__Provided material__:
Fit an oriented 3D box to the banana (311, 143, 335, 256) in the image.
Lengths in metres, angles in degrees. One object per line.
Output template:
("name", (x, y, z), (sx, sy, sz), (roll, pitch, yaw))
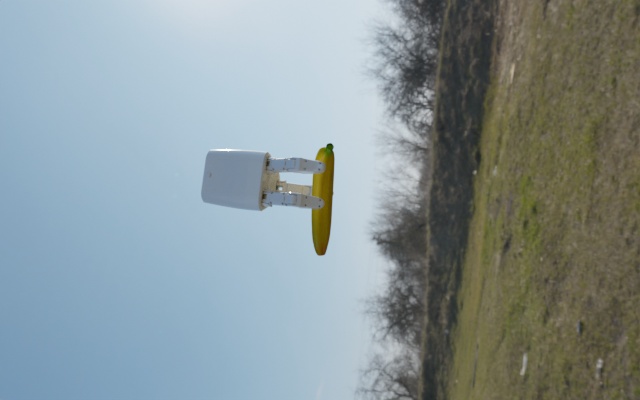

__Work task__: Skip the pictures. Please copy exactly the lines from the one with "Lengths in metres, angles" through the final line of the material above, both ends included.

__Task solution__:
Lengths in metres, angles in degrees. One object per line.
Output template:
("name", (x, y, z), (sx, sy, sz), (roll, pitch, yaw))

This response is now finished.